__Exercise material__.
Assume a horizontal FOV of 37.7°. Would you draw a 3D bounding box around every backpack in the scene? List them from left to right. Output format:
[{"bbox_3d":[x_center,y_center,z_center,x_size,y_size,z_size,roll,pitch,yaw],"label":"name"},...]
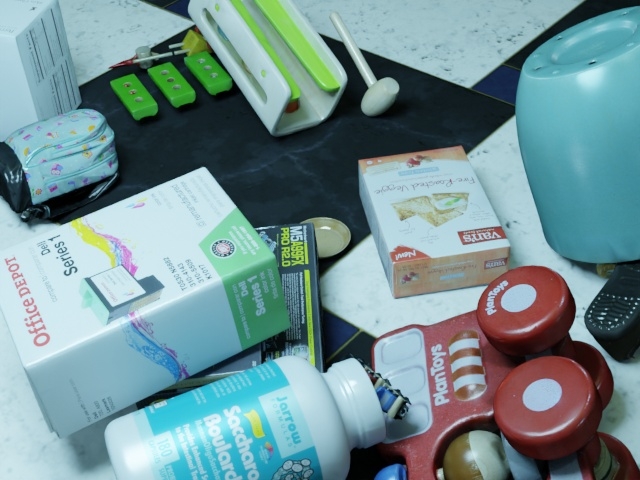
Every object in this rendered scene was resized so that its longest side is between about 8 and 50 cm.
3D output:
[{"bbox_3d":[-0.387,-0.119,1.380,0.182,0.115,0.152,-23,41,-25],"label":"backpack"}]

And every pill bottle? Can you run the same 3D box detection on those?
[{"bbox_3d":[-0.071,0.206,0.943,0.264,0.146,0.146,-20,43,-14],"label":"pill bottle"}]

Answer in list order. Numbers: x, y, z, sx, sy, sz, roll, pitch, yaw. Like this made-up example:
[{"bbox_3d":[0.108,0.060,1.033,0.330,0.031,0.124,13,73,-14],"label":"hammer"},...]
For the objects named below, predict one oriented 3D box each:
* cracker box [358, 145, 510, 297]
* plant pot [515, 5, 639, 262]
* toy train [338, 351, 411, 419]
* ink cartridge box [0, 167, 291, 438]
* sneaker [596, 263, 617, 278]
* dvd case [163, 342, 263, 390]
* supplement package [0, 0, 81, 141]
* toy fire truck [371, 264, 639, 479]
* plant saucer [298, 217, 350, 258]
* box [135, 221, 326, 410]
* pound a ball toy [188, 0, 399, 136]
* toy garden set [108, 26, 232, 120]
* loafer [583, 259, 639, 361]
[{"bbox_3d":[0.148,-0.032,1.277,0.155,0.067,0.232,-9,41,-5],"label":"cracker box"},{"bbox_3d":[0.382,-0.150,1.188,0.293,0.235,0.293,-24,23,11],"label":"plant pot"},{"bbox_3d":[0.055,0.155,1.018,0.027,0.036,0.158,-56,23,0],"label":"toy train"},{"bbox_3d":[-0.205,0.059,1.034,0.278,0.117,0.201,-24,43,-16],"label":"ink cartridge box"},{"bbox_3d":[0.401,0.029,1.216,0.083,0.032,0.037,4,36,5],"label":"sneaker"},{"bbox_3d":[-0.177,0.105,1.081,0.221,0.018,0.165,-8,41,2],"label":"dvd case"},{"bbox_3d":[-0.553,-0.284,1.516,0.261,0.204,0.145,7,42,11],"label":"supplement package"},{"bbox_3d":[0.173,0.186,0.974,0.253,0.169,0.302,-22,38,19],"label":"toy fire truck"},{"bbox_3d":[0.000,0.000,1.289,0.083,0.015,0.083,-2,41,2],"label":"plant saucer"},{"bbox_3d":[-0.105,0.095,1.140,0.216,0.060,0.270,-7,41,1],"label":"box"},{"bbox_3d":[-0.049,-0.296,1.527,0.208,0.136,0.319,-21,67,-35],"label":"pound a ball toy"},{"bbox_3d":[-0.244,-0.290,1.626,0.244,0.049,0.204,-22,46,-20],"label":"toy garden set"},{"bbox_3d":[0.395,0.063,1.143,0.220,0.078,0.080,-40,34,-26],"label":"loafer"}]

...

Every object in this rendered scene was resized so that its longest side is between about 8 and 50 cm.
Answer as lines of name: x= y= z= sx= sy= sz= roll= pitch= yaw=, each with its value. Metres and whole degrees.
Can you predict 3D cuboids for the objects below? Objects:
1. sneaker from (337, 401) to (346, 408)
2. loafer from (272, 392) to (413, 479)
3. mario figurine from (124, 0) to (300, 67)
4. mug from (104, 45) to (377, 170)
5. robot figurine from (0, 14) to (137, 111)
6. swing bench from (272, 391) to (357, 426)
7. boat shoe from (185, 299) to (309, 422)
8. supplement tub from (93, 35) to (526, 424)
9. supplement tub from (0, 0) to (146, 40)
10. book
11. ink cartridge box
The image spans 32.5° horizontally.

--

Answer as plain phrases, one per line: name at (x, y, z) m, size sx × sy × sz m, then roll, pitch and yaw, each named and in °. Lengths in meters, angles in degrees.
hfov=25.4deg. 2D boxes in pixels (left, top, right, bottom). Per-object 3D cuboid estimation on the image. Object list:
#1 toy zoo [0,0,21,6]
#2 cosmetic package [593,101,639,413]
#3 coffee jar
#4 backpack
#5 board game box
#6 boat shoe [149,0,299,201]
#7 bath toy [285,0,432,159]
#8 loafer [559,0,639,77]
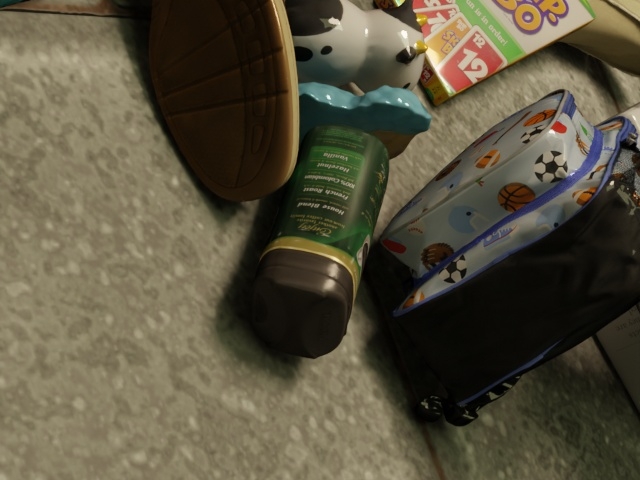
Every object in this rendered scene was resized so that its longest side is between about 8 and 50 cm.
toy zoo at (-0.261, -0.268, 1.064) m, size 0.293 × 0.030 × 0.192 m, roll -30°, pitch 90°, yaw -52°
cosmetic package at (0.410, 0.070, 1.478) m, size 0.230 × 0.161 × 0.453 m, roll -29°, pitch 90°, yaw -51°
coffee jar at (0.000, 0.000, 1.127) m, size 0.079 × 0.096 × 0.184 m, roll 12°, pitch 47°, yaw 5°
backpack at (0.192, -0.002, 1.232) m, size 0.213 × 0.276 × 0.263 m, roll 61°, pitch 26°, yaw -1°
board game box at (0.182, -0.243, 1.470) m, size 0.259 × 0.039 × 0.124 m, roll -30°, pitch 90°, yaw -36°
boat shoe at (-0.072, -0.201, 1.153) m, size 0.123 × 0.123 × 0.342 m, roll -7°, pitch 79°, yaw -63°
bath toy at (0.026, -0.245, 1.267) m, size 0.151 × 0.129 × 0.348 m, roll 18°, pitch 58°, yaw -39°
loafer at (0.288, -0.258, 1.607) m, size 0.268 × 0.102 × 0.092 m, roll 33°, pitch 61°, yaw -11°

__Exercise directions__.
Quote the data above from the line containing "9. supplement tub from (0, 0) to (146, 40)" to the line containing "The image spans 32.5° horizontally.", inclusive, and stop.

__Exercise answer__.
9. supplement tub from (0, 0) to (146, 40)
10. book
11. ink cartridge box
The image spans 32.5° horizontally.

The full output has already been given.